(Records from a data collection)
----------------

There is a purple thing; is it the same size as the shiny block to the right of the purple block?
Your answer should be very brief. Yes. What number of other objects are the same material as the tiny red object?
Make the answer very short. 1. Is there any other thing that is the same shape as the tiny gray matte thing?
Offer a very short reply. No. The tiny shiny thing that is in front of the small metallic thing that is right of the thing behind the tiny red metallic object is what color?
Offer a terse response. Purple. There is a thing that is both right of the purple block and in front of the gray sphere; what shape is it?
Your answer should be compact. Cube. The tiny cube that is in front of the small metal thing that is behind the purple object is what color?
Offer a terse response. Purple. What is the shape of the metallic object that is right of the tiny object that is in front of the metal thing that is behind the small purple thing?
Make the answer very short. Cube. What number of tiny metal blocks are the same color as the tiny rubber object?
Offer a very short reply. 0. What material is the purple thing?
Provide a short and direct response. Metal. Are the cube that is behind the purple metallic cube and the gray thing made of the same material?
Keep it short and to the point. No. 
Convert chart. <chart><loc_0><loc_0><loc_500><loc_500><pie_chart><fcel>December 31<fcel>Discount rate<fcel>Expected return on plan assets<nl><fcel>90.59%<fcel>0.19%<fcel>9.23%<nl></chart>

----------------

Print exactly the lines from the beginning of the entries through the line with "Make the answer very short. 1.". Output nothing more.

EXERCISE OUTPUT —
There is a purple thing; is it the same size as the shiny block to the right of the purple block?
Your answer should be very brief. Yes. What number of other objects are the same material as the tiny red object?
Make the answer very short. 1. Is there any other thing that is the same shape as the tiny gray matte thing?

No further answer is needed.